We study the benefits of resource flexibility, considering two different flexibility structures. First, we want to understand the impact of the firm's pricing strategy on its resource investment decision, considering a partially flexible resource. Secondly, we study the benefits of a flexible resource strategic approach, considering a resource flexibility structure that has not been studied in the previous literature.
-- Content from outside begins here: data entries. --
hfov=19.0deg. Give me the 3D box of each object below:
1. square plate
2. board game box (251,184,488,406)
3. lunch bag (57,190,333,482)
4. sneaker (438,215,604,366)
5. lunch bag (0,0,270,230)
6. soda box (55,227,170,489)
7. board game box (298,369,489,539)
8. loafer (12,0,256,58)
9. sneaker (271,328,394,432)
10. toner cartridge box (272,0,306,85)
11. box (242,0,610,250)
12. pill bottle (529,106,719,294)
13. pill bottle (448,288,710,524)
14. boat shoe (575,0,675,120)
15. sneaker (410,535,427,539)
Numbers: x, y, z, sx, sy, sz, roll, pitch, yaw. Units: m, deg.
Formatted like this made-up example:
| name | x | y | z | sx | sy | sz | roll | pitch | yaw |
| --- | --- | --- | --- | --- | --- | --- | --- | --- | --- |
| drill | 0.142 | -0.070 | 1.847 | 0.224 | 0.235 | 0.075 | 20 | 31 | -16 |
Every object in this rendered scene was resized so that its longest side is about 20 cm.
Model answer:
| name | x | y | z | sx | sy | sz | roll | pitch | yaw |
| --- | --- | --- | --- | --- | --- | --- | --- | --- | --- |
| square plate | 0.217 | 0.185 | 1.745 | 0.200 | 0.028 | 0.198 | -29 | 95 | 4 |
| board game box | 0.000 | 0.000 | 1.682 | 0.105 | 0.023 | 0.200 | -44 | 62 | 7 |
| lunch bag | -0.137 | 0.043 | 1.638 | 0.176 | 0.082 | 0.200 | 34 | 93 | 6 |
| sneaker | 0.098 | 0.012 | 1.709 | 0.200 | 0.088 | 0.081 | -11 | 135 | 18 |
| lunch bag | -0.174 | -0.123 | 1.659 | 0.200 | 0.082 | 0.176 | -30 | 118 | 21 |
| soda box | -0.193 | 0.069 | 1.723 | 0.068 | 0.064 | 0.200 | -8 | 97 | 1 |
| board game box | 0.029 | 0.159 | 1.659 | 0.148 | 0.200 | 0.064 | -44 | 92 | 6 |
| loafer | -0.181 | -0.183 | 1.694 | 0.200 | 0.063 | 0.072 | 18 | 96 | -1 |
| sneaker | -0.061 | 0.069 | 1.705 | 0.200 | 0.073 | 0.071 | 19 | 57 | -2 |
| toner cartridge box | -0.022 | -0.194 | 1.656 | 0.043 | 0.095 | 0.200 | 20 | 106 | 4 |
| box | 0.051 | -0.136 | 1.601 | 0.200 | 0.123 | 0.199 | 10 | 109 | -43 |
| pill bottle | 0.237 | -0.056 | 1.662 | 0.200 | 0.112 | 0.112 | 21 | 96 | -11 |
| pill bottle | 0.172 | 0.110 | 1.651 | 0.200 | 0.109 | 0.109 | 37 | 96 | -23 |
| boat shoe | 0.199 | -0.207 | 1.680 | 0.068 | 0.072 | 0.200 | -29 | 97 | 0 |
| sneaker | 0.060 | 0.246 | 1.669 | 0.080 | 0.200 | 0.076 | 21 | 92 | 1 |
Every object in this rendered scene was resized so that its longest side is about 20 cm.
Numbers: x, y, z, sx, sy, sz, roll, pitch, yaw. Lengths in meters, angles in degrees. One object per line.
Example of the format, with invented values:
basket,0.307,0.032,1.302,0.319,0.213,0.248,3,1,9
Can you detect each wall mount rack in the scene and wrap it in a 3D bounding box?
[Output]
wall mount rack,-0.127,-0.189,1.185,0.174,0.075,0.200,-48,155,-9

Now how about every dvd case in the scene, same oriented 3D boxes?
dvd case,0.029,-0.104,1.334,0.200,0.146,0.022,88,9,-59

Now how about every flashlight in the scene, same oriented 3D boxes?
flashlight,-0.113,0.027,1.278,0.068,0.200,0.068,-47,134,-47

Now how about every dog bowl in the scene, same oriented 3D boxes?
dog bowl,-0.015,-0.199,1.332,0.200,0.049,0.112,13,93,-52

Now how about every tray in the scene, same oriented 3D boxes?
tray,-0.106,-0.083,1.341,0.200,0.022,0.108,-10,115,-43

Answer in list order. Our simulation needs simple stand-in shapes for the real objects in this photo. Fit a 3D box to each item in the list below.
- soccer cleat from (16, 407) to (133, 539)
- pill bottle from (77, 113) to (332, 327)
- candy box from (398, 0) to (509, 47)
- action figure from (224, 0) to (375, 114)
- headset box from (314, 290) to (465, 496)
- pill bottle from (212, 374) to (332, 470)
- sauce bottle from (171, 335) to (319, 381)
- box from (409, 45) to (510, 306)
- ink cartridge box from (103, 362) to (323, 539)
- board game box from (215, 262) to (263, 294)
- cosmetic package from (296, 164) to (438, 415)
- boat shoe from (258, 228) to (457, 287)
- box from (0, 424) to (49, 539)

First, we study the capacity investment decision faced by a firm that offers two products/services and that is a price-setter for both products/services. The products offered by the firm are of varying levels (complexities), such that the resources that can be used to produce the higher level product can also be used to produce the lower level one. Although the firm needs to make its capacity investment decision under high demand uncertainty, it can utilize this limited (downward) resource flexibility, in addition to pricing, to more effectively match its supply with demand. Sample applications include a service company, whose technicians are of different capabilities, such that a higher level technician can perform all tasks performed by a lower level technician; a firm that owns a main plant, satisfying both end-product and intermediate-product demand, and a subsidiary, satisfying the intermediate-product demand only. We formulate this decision problem as a two-stage stochastic programming problem with recourse, and characterize the structural properties of the firm's optimal resource investment strategy when resource flexibility and pricing flexibility are considered in the investment decision.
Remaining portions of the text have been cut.